Bank Holiday Meanderings
We had a very quiet long weekend, which I needed as after my presentation I was feeling like a donkey (the Marrakeshian variety) flogged to within an inch of its life and left for dead by a road, circled lovingly by blowflies.
On Saturday H and I had been intending to visit Kew Gardens, but the weather was vile so instead we went to the National Portrait Gallery. On the ground floor was an interesting exhibition on the lead-up to the Iraq war, and I noticed the following: a) it was Tony Blair who was gung-ho about war and he seemed to be convincing many other people, both in his party and abroad, that it was worthwhile to attack = so much for democracy b) there were very few women in the pictures, and if there were women they were usually on the edge of the clusters of people c) all the decisions were made in opulent offices, which couldn’t be any further removed from the debris and squalor of Baghdad.

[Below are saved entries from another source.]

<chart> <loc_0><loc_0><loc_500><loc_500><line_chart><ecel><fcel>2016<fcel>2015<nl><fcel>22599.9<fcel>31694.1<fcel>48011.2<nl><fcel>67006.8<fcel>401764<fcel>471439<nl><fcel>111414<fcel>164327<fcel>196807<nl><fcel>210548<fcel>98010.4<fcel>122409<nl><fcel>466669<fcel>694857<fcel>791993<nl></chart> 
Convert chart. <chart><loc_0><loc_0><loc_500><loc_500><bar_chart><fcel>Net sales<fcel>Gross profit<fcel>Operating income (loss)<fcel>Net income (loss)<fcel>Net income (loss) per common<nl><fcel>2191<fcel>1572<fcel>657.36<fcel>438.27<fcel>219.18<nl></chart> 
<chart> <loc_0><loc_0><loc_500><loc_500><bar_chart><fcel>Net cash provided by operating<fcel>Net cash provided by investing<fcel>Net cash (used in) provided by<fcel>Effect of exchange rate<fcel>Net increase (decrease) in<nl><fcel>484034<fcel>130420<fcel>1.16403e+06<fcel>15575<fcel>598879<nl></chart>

Then H and I went upstairs and came across a picture of George V and his family, which I had though was the Tsar and Princess Alexandra. ‘Ah well, they were all interrelated anyway,’ we said to one another. Then we tried to figure out the lineage of the royals, failed hopelessly, and moved onto the Modernism section. This I was very impressed with, not least because I saw lots of famous works (incl. the bust of V Woolf and paintings by Vanessa Bell), and a group of photos of women writers. After that I was hungry and wanted another coffee, so we crossed the road to St-Martin’s, as H had been told about a café run by homeless people that was there, and he wanted to have a look at it. I had initially wrinkled up my nose at this, but after being told off by H (‘Don’t be such a snob; we’re going and that’s that’) I resigned myself to it. However the café appeared to be closed during the renovations of the church, so we went on, though not before examining a disturbing statue of baby Jesus immersed in a square slab of stone, the umbilical cord still attached to his stomach.

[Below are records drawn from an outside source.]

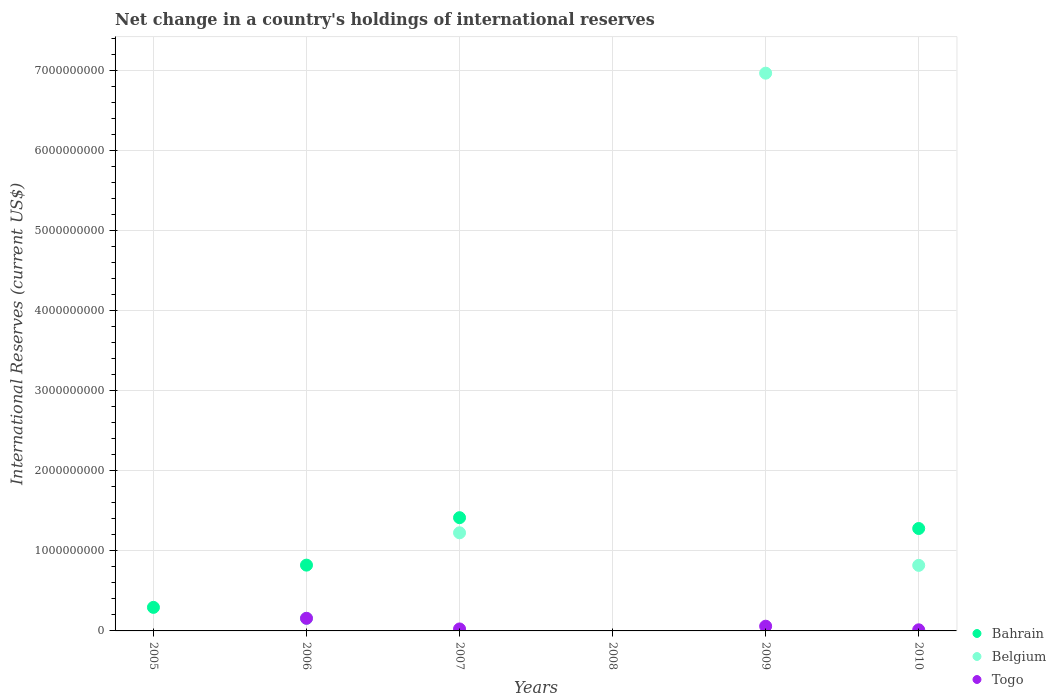Is the number of dotlines equal to the number of legend labels?
Provide a succinct answer. No. What is the international reserves in Togo in 2007?
Provide a succinct answer. 2.47e+07. Across all years, what is the maximum international reserves in Belgium?
Your response must be concise. 6.97e+09. Across all years, what is the minimum international reserves in Belgium?
Give a very brief answer. 0. What is the total international reserves in Belgium in the graph?
Make the answer very short. 9.17e+09. What is the difference between the international reserves in Bahrain in 2006 and that in 2010?
Provide a short and direct response. -4.58e+08. What is the difference between the international reserves in Bahrain in 2005 and the international reserves in Belgium in 2008?
Ensure brevity in your answer.  2.94e+08. What is the average international reserves in Bahrain per year?
Give a very brief answer. 6.35e+08. In the year 2007, what is the difference between the international reserves in Belgium and international reserves in Bahrain?
Make the answer very short. -1.89e+08. In how many years, is the international reserves in Belgium greater than 3800000000 US$?
Keep it short and to the point. 1. What is the ratio of the international reserves in Belgium in 2009 to that in 2010?
Your answer should be compact. 8.51. Is the international reserves in Togo in 2006 less than that in 2010?
Provide a succinct answer. No. Is the difference between the international reserves in Belgium in 2006 and 2007 greater than the difference between the international reserves in Bahrain in 2006 and 2007?
Give a very brief answer. No. What is the difference between the highest and the second highest international reserves in Togo?
Provide a succinct answer. 9.88e+07. What is the difference between the highest and the lowest international reserves in Bahrain?
Ensure brevity in your answer.  1.41e+09. Is it the case that in every year, the sum of the international reserves in Togo and international reserves in Bahrain  is greater than the international reserves in Belgium?
Make the answer very short. No. Does the international reserves in Bahrain monotonically increase over the years?
Your response must be concise. No. Is the international reserves in Belgium strictly greater than the international reserves in Togo over the years?
Your answer should be compact. No. Is the international reserves in Belgium strictly less than the international reserves in Togo over the years?
Keep it short and to the point. No. How many years are there in the graph?
Your response must be concise. 6. What is the difference between two consecutive major ticks on the Y-axis?
Make the answer very short. 1.00e+09. Are the values on the major ticks of Y-axis written in scientific E-notation?
Your answer should be compact. No. Does the graph contain any zero values?
Your answer should be very brief. Yes. How many legend labels are there?
Your response must be concise. 3. What is the title of the graph?
Your response must be concise. Net change in a country's holdings of international reserves. Does "Malta" appear as one of the legend labels in the graph?
Keep it short and to the point. No. What is the label or title of the Y-axis?
Ensure brevity in your answer.  International Reserves (current US$). What is the International Reserves (current US$) of Bahrain in 2005?
Make the answer very short. 2.94e+08. What is the International Reserves (current US$) of Belgium in 2005?
Provide a succinct answer. 0. What is the International Reserves (current US$) in Bahrain in 2006?
Your answer should be very brief. 8.22e+08. What is the International Reserves (current US$) of Belgium in 2006?
Offer a terse response. 1.56e+08. What is the International Reserves (current US$) of Togo in 2006?
Give a very brief answer. 1.58e+08. What is the International Reserves (current US$) in Bahrain in 2007?
Keep it short and to the point. 1.41e+09. What is the International Reserves (current US$) in Belgium in 2007?
Make the answer very short. 1.23e+09. What is the International Reserves (current US$) in Togo in 2007?
Keep it short and to the point. 2.47e+07. What is the International Reserves (current US$) of Bahrain in 2009?
Your answer should be very brief. 0. What is the International Reserves (current US$) of Belgium in 2009?
Provide a succinct answer. 6.97e+09. What is the International Reserves (current US$) in Togo in 2009?
Give a very brief answer. 5.90e+07. What is the International Reserves (current US$) in Bahrain in 2010?
Your answer should be compact. 1.28e+09. What is the International Reserves (current US$) in Belgium in 2010?
Give a very brief answer. 8.19e+08. What is the International Reserves (current US$) of Togo in 2010?
Your response must be concise. 1.39e+07. Across all years, what is the maximum International Reserves (current US$) in Bahrain?
Your answer should be compact. 1.41e+09. Across all years, what is the maximum International Reserves (current US$) in Belgium?
Keep it short and to the point. 6.97e+09. Across all years, what is the maximum International Reserves (current US$) of Togo?
Your response must be concise. 1.58e+08. Across all years, what is the minimum International Reserves (current US$) of Bahrain?
Your answer should be very brief. 0. Across all years, what is the minimum International Reserves (current US$) of Togo?
Give a very brief answer. 0. What is the total International Reserves (current US$) of Bahrain in the graph?
Offer a very short reply. 3.81e+09. What is the total International Reserves (current US$) in Belgium in the graph?
Ensure brevity in your answer.  9.17e+09. What is the total International Reserves (current US$) in Togo in the graph?
Offer a terse response. 2.55e+08. What is the difference between the International Reserves (current US$) in Bahrain in 2005 and that in 2006?
Offer a terse response. -5.28e+08. What is the difference between the International Reserves (current US$) of Bahrain in 2005 and that in 2007?
Offer a very short reply. -1.12e+09. What is the difference between the International Reserves (current US$) of Bahrain in 2005 and that in 2010?
Offer a very short reply. -9.85e+08. What is the difference between the International Reserves (current US$) in Bahrain in 2006 and that in 2007?
Offer a terse response. -5.93e+08. What is the difference between the International Reserves (current US$) of Belgium in 2006 and that in 2007?
Give a very brief answer. -1.07e+09. What is the difference between the International Reserves (current US$) in Togo in 2006 and that in 2007?
Provide a short and direct response. 1.33e+08. What is the difference between the International Reserves (current US$) in Belgium in 2006 and that in 2009?
Provide a succinct answer. -6.81e+09. What is the difference between the International Reserves (current US$) of Togo in 2006 and that in 2009?
Make the answer very short. 9.88e+07. What is the difference between the International Reserves (current US$) in Bahrain in 2006 and that in 2010?
Offer a terse response. -4.58e+08. What is the difference between the International Reserves (current US$) in Belgium in 2006 and that in 2010?
Keep it short and to the point. -6.63e+08. What is the difference between the International Reserves (current US$) of Togo in 2006 and that in 2010?
Offer a very short reply. 1.44e+08. What is the difference between the International Reserves (current US$) in Belgium in 2007 and that in 2009?
Offer a terse response. -5.74e+09. What is the difference between the International Reserves (current US$) of Togo in 2007 and that in 2009?
Provide a short and direct response. -3.43e+07. What is the difference between the International Reserves (current US$) of Bahrain in 2007 and that in 2010?
Provide a short and direct response. 1.35e+08. What is the difference between the International Reserves (current US$) of Belgium in 2007 and that in 2010?
Give a very brief answer. 4.07e+08. What is the difference between the International Reserves (current US$) of Togo in 2007 and that in 2010?
Offer a terse response. 1.08e+07. What is the difference between the International Reserves (current US$) in Belgium in 2009 and that in 2010?
Your answer should be very brief. 6.15e+09. What is the difference between the International Reserves (current US$) in Togo in 2009 and that in 2010?
Offer a terse response. 4.51e+07. What is the difference between the International Reserves (current US$) in Bahrain in 2005 and the International Reserves (current US$) in Belgium in 2006?
Your answer should be very brief. 1.38e+08. What is the difference between the International Reserves (current US$) in Bahrain in 2005 and the International Reserves (current US$) in Togo in 2006?
Give a very brief answer. 1.36e+08. What is the difference between the International Reserves (current US$) of Bahrain in 2005 and the International Reserves (current US$) of Belgium in 2007?
Give a very brief answer. -9.32e+08. What is the difference between the International Reserves (current US$) of Bahrain in 2005 and the International Reserves (current US$) of Togo in 2007?
Ensure brevity in your answer.  2.69e+08. What is the difference between the International Reserves (current US$) of Bahrain in 2005 and the International Reserves (current US$) of Belgium in 2009?
Provide a succinct answer. -6.67e+09. What is the difference between the International Reserves (current US$) in Bahrain in 2005 and the International Reserves (current US$) in Togo in 2009?
Your answer should be very brief. 2.35e+08. What is the difference between the International Reserves (current US$) of Bahrain in 2005 and the International Reserves (current US$) of Belgium in 2010?
Offer a terse response. -5.25e+08. What is the difference between the International Reserves (current US$) in Bahrain in 2005 and the International Reserves (current US$) in Togo in 2010?
Provide a short and direct response. 2.80e+08. What is the difference between the International Reserves (current US$) of Bahrain in 2006 and the International Reserves (current US$) of Belgium in 2007?
Make the answer very short. -4.04e+08. What is the difference between the International Reserves (current US$) of Bahrain in 2006 and the International Reserves (current US$) of Togo in 2007?
Make the answer very short. 7.97e+08. What is the difference between the International Reserves (current US$) in Belgium in 2006 and the International Reserves (current US$) in Togo in 2007?
Give a very brief answer. 1.31e+08. What is the difference between the International Reserves (current US$) of Bahrain in 2006 and the International Reserves (current US$) of Belgium in 2009?
Give a very brief answer. -6.15e+09. What is the difference between the International Reserves (current US$) of Bahrain in 2006 and the International Reserves (current US$) of Togo in 2009?
Keep it short and to the point. 7.63e+08. What is the difference between the International Reserves (current US$) in Belgium in 2006 and the International Reserves (current US$) in Togo in 2009?
Your answer should be very brief. 9.67e+07. What is the difference between the International Reserves (current US$) in Bahrain in 2006 and the International Reserves (current US$) in Belgium in 2010?
Ensure brevity in your answer.  2.90e+06. What is the difference between the International Reserves (current US$) of Bahrain in 2006 and the International Reserves (current US$) of Togo in 2010?
Offer a terse response. 8.08e+08. What is the difference between the International Reserves (current US$) in Belgium in 2006 and the International Reserves (current US$) in Togo in 2010?
Offer a very short reply. 1.42e+08. What is the difference between the International Reserves (current US$) of Bahrain in 2007 and the International Reserves (current US$) of Belgium in 2009?
Offer a very short reply. -5.55e+09. What is the difference between the International Reserves (current US$) in Bahrain in 2007 and the International Reserves (current US$) in Togo in 2009?
Offer a terse response. 1.36e+09. What is the difference between the International Reserves (current US$) in Belgium in 2007 and the International Reserves (current US$) in Togo in 2009?
Make the answer very short. 1.17e+09. What is the difference between the International Reserves (current US$) of Bahrain in 2007 and the International Reserves (current US$) of Belgium in 2010?
Your response must be concise. 5.96e+08. What is the difference between the International Reserves (current US$) of Bahrain in 2007 and the International Reserves (current US$) of Togo in 2010?
Your answer should be very brief. 1.40e+09. What is the difference between the International Reserves (current US$) in Belgium in 2007 and the International Reserves (current US$) in Togo in 2010?
Your answer should be compact. 1.21e+09. What is the difference between the International Reserves (current US$) in Belgium in 2009 and the International Reserves (current US$) in Togo in 2010?
Your answer should be very brief. 6.95e+09. What is the average International Reserves (current US$) in Bahrain per year?
Offer a terse response. 6.35e+08. What is the average International Reserves (current US$) of Belgium per year?
Make the answer very short. 1.53e+09. What is the average International Reserves (current US$) in Togo per year?
Offer a terse response. 4.26e+07. In the year 2006, what is the difference between the International Reserves (current US$) of Bahrain and International Reserves (current US$) of Belgium?
Provide a short and direct response. 6.66e+08. In the year 2006, what is the difference between the International Reserves (current US$) in Bahrain and International Reserves (current US$) in Togo?
Give a very brief answer. 6.64e+08. In the year 2006, what is the difference between the International Reserves (current US$) in Belgium and International Reserves (current US$) in Togo?
Provide a short and direct response. -2.13e+06. In the year 2007, what is the difference between the International Reserves (current US$) in Bahrain and International Reserves (current US$) in Belgium?
Your answer should be compact. 1.89e+08. In the year 2007, what is the difference between the International Reserves (current US$) of Bahrain and International Reserves (current US$) of Togo?
Your answer should be compact. 1.39e+09. In the year 2007, what is the difference between the International Reserves (current US$) of Belgium and International Reserves (current US$) of Togo?
Your answer should be compact. 1.20e+09. In the year 2009, what is the difference between the International Reserves (current US$) in Belgium and International Reserves (current US$) in Togo?
Make the answer very short. 6.91e+09. In the year 2010, what is the difference between the International Reserves (current US$) in Bahrain and International Reserves (current US$) in Belgium?
Offer a very short reply. 4.60e+08. In the year 2010, what is the difference between the International Reserves (current US$) in Bahrain and International Reserves (current US$) in Togo?
Provide a succinct answer. 1.27e+09. In the year 2010, what is the difference between the International Reserves (current US$) in Belgium and International Reserves (current US$) in Togo?
Provide a succinct answer. 8.05e+08. What is the ratio of the International Reserves (current US$) in Bahrain in 2005 to that in 2006?
Keep it short and to the point. 0.36. What is the ratio of the International Reserves (current US$) in Bahrain in 2005 to that in 2007?
Offer a very short reply. 0.21. What is the ratio of the International Reserves (current US$) in Bahrain in 2005 to that in 2010?
Your answer should be compact. 0.23. What is the ratio of the International Reserves (current US$) of Bahrain in 2006 to that in 2007?
Your answer should be very brief. 0.58. What is the ratio of the International Reserves (current US$) in Belgium in 2006 to that in 2007?
Offer a very short reply. 0.13. What is the ratio of the International Reserves (current US$) of Togo in 2006 to that in 2007?
Ensure brevity in your answer.  6.39. What is the ratio of the International Reserves (current US$) in Belgium in 2006 to that in 2009?
Ensure brevity in your answer.  0.02. What is the ratio of the International Reserves (current US$) of Togo in 2006 to that in 2009?
Ensure brevity in your answer.  2.67. What is the ratio of the International Reserves (current US$) of Bahrain in 2006 to that in 2010?
Offer a very short reply. 0.64. What is the ratio of the International Reserves (current US$) of Belgium in 2006 to that in 2010?
Provide a succinct answer. 0.19. What is the ratio of the International Reserves (current US$) of Togo in 2006 to that in 2010?
Provide a short and direct response. 11.36. What is the ratio of the International Reserves (current US$) in Belgium in 2007 to that in 2009?
Make the answer very short. 0.18. What is the ratio of the International Reserves (current US$) of Togo in 2007 to that in 2009?
Offer a terse response. 0.42. What is the ratio of the International Reserves (current US$) in Bahrain in 2007 to that in 2010?
Your answer should be very brief. 1.11. What is the ratio of the International Reserves (current US$) in Belgium in 2007 to that in 2010?
Your response must be concise. 1.5. What is the ratio of the International Reserves (current US$) in Togo in 2007 to that in 2010?
Make the answer very short. 1.78. What is the ratio of the International Reserves (current US$) of Belgium in 2009 to that in 2010?
Your response must be concise. 8.51. What is the ratio of the International Reserves (current US$) in Togo in 2009 to that in 2010?
Give a very brief answer. 4.25. What is the difference between the highest and the second highest International Reserves (current US$) of Bahrain?
Your answer should be very brief. 1.35e+08. What is the difference between the highest and the second highest International Reserves (current US$) of Belgium?
Provide a short and direct response. 5.74e+09. What is the difference between the highest and the second highest International Reserves (current US$) of Togo?
Offer a very short reply. 9.88e+07. What is the difference between the highest and the lowest International Reserves (current US$) in Bahrain?
Ensure brevity in your answer.  1.41e+09. What is the difference between the highest and the lowest International Reserves (current US$) in Belgium?
Offer a very short reply. 6.97e+09. What is the difference between the highest and the lowest International Reserves (current US$) in Togo?
Offer a very short reply. 1.58e+08.

We walked on to find the Temple Church, stopping by the courtyard of the Courtauld, which H hadn’t seen before. He played around with his new camera while I sat on one of the chairs in the sun and, being exhausted, envied the sprightly little sprogs running in and out of the fountains, then dozed off.
Eventually we came to the doors of the church on Fleet Street and were told by a sign that it was only open for two hours on that day, and to go around the back to get to it. The surrounding buildings reeked of money and law, but I wasn’t that impressed by the church, and I was knackered, so I went home and H went off to walk along the river.
On Sunday I woke late after a night of insomnia, then accompanied H to Columbia Road because I badly needed exercise. Never again will I go to that place at 2 in the afternoon. It was swarming with humanity, unbearably crowded with people trying to get a bargain, there was too much shouting and a rude woman knocked over the rhododendron I’d placed on the ground while waiting for H and didn’t apologise, and I hated London all over again. I’m not allowed to complain anymore though. H says I’m allowed to say 5 bad things a day and after that I have to censor myself. In the afternoon I worked on a short story about grass.
The following morning I went for a run (my wonderful physiotherapist has largely fixed my knee, bless him) and continued my short story about grass. Then H and I caught the bus to the Barbican to meet G and have a look at the conservatory. It wasn’t as ornate or exotic as the conservatory at Kew, although it was larger and housed a selection of wildlife, namely some turtles, some very weighty carp and some birds huddled in a cage, puffed up against the cold, ‘tropical’ air.
We had lunch outside, where the wind blew over one of the umbrellas shading the tables, knocked it inside out and sent a smaller umbrella flying into one of the ponds. The Asian boy to whom it belonged decided it couldn’t be retrieved, though H later fished it out with his own umbrella, dried it out and took it home (Father’s sense of thrift is evidently present in him, to some degree). We ambled on to the Museum of London and my eyes watered from pollen drifting from the surrounding trees. The Museum was pretty boring. It was mostly filled with bits of flint and brick, although it had a good 3D simulation of what London was like before it was filled with people, and also an interesting exhibition on the Great Fire of 1666. There was a video showing in a small room and, to my amazement, it had a loop system installed, and it actually worked. After that were exhibitions with more brick so we gave up and went home.
Oh, I forgot to mention the cacti garden in the conservatory, which had me in raptures. It was full of hanging baskets of cacti that spilled over the edges and burst out with red and pink flowers. I love cacti – I like their weird shapes and their unfriendliness – but H refuses to buy them because they don’t grow fast enough or provide enough variety.
In a similar vein, by the end of the weekend H was sick of me and wanted people around for dinner to liven up his life. We got our cousin A over and H made a meatloaf which, while it looked spectacular, didn’t taste so brilliant. My cinnamon teacake, on the other hand, tasted fantastic but didn’t look so hot, as it fell apart when I tried to get it out of the cake tin because I hadn't put in enough flour. Oh for a decent set of measuring cups and something better than a wooden spoon for stirring, the £10 beater purchased on Boxing Day from the Muslim man down the road having failed utterly in its primary task, by blowing up whilst beating butter and sugar.